Le télétravail peut être une solution de reclassement, sauf s'il est incompatible avec les fonctions du salarié
Attention, cette décision ne signifie pas que l'employeur doive automatiquement reclasser un salarié inapte en télétravail dès l'instant que le médecin du travail le préconise. Simplement, s'il écarte cette solution, il doit le justifier, à notre sens, par le fait que les fonctions du salarié sont incompatibles avec le télétravail.
On peut imaginer par exemple que le salarié doive encadrer une équipe qui travaille toujours en présentiel ou encore régulièrement rencontrer des clients. De tels arguments sont, à notre sens, de nature à justifier de l'impossibilité de reclasser le salarié en télétravail (sous réserve, naturellement, de ce que pourrait décider la Cour de cassation dans des décisions ultérieures). Mais le seul fait que l'entreprise ne pratique pas le télétravail ne constitue pas un argument recevable.
Cass. soc. 29 mars 2023, n° 21-15472 FB (extrait)
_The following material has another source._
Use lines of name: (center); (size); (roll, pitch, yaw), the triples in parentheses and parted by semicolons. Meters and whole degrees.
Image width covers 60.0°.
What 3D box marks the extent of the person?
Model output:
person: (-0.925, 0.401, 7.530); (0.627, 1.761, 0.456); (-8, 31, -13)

6. Aux termes de l'article L. 1226-10 du code du travail, dans sa rédaction antérieure à la loi n° 2016-1088 du 8 août 2016, lorsque, à l'issue des périodes de suspension du contrat de travail consécutives à un accident du travail ou à une maladie professionnelle, le salarié est déclaré inapte par le médecin du travail à reprendre l'emploi qu'il occupait précédemment, l'employeur lui propose un autre emploi approprié à ses capacités.
Cette proposition prend en compte, après avis des délégués du personnel, les conclusions écrites du médecin du travail et les indications qu'il formule sur l'aptitude du salarié à exercer l'une des tâches existant dans l'entreprise. Dans les entreprises d'au moins cinquante salariés, le médecin du travail formule également des indications sur l'aptitude du salarié à bénéficier d'une formation destinée à lui proposer un poste adapté.
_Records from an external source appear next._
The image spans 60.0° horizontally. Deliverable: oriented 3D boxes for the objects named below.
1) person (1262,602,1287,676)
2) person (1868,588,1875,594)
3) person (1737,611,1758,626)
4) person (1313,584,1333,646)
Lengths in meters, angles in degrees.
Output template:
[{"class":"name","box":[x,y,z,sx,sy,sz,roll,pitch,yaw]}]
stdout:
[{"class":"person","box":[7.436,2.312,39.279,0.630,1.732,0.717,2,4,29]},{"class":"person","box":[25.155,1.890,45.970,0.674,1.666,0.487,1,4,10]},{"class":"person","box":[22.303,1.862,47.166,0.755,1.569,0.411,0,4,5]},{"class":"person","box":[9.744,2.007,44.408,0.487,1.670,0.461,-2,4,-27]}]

L'emploi proposé est aussi comparable que possible à l'emploi précédemment occupé, au besoin par la mise en œuvre de mesures telles que mutations, transformations de postes ou aménagement du temps de travail.
7. L'article L. 1226-12 du même code dispose que lorsque l'employeur est dans l'impossibilité de proposer un autre emploi au salarié, il lui fait connaître par écrit les motifs qui s'opposent au reclassement.
L'employeur ne peut rompre le contrat de travail que s'il justifie soit de son impossibilité de proposer un emploi dans les conditions prévues à l'article L. 1226-10, soit du refus par le salarié de l'emploi proposé dans ces conditions.
8. Il appartient à l'employeur de proposer au salarié, loyalement, en tenant compte des préconisations et indications du médecin du travail, un autre emploi approprié à ses capacités, aussi comparable que possible à l'emploi précédemment occupé, au besoin par la mise en œuvre de mesures telles que mutations, transformations de postes existants ou aménagement du temps de travail.
9. L'arrêt relève que le médecin du travail était parfaitement clair dans l'avis d'inaptitude du 17 février 2016 sur les dispositions à mettre en œuvre de nature à permettre à la salariée de conserver son emploi en précisant qu'elle pourrait occuper un poste administratif, sans déplacement, à temps partiel, en télétravail à son domicile avec aménagement de poste approprié et en confirmant cet avis le 7 juin 2016 en réponse aux questions de l'employeur.
10. L'arrêt retient encore que la salariée occupait en dernier lieu un poste de « coordinateur », que les missions accomplies et non contestées par l'employeur, d'une part ne supposaient pas l'accès aux dossiers médicaux et, d'autre part, étaient susceptibles d'être pour l'essentiel réalisées à domicile en télétravail et à temps partiel comme préconisé par le médecin du travail.
11. En l'état de ces constatations, dont elle a déduit que l'employeur n'avait pas loyalement exécuté son obligation de reclassement, et sans être tenue d'effectuer la recherche invoquée par le moyen pris en sa première branche dès lors que l'aménagement d'un poste en télétravail peut résulter d'un avenant au contrat de travail, la cour d'appel a légalement justifié sa décision.